Securitisation relies predominantly on residential mortgages and this is the market’s biggest asset class by far. RMBS are residential mortgage backed securities.

What are the characteristic features of RMBS?

  • Backed by mortgages to borrowers with high credit scores
  • Relatively low loan-to-value
  • Typically residential loans with a balance greater than £750k,
  • Properties that are relatively simple to value
  • The portfolio is made by 100% performing receivables

What are non-conforming loans?

Another RMBS sub-segment consists of non-conforming loans. These are loans that typically lack some of the pristine characteristics of prime RMBS, such as performance or high loan to value ratios.

  • Less stringent on the need for payslips
  • They are for borrowers that have higher than average income multiples
  • Loans where the lender has a subordinated claim on collateral are also called non-conforming

What are subprime loans?

If borrowers have previously had events impacting their credit score; such as prior defaults, missed payments, IVA (individual voluntary arrangements) or currently have unstable income, the RMBS are typically labelled as subprime.

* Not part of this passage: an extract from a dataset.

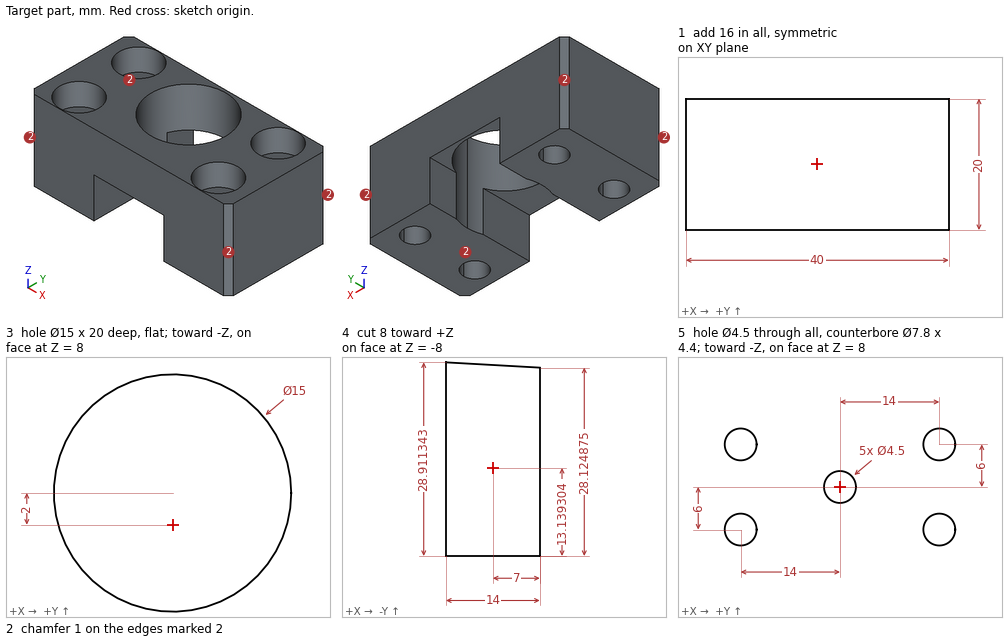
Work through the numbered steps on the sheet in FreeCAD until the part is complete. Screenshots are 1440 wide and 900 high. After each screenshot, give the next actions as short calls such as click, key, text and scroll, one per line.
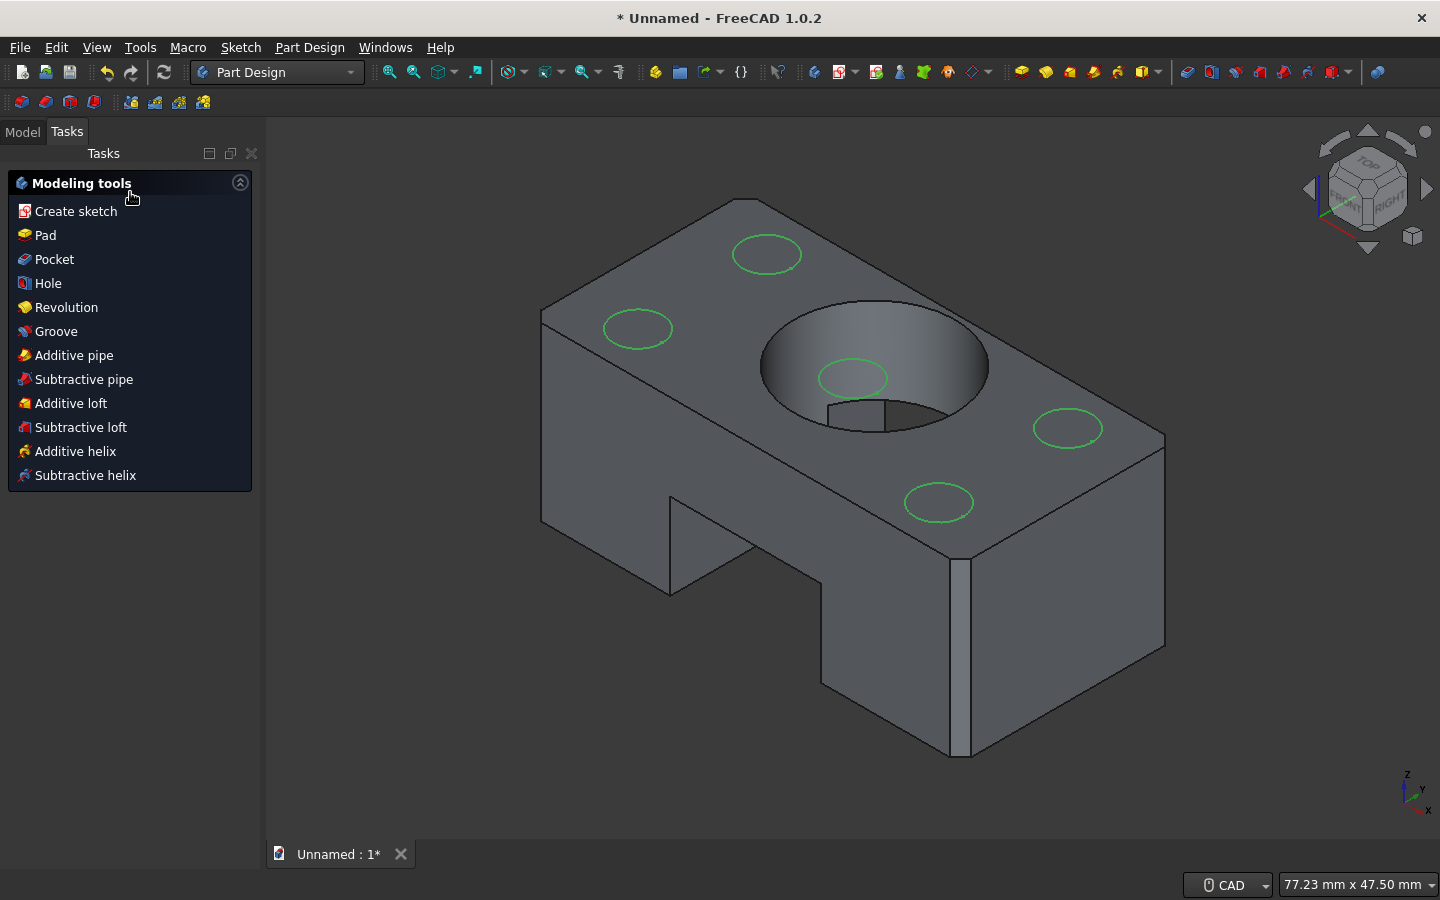
click(1212, 72)

What are the characteristics of the buy to let market?

  1. Where loans provided by banks and alternative lenders to individual and professional landlords backed by investment properties
  2. The loan is typically secured by income producing properties – typically a multi-tenanted house or a flat

What are commercial mortgage backed securities?

Commercial mortgage backed securities are transactions where the underlying exposures are loans to commercial property, including shopping centers, offices, retail, logistics, healthcare etc. CMBS are very sensitive to macroeconomic events – and are often correlated to investor confidence and global trade.

What tool can be used to manage NPE exposures through securitisation?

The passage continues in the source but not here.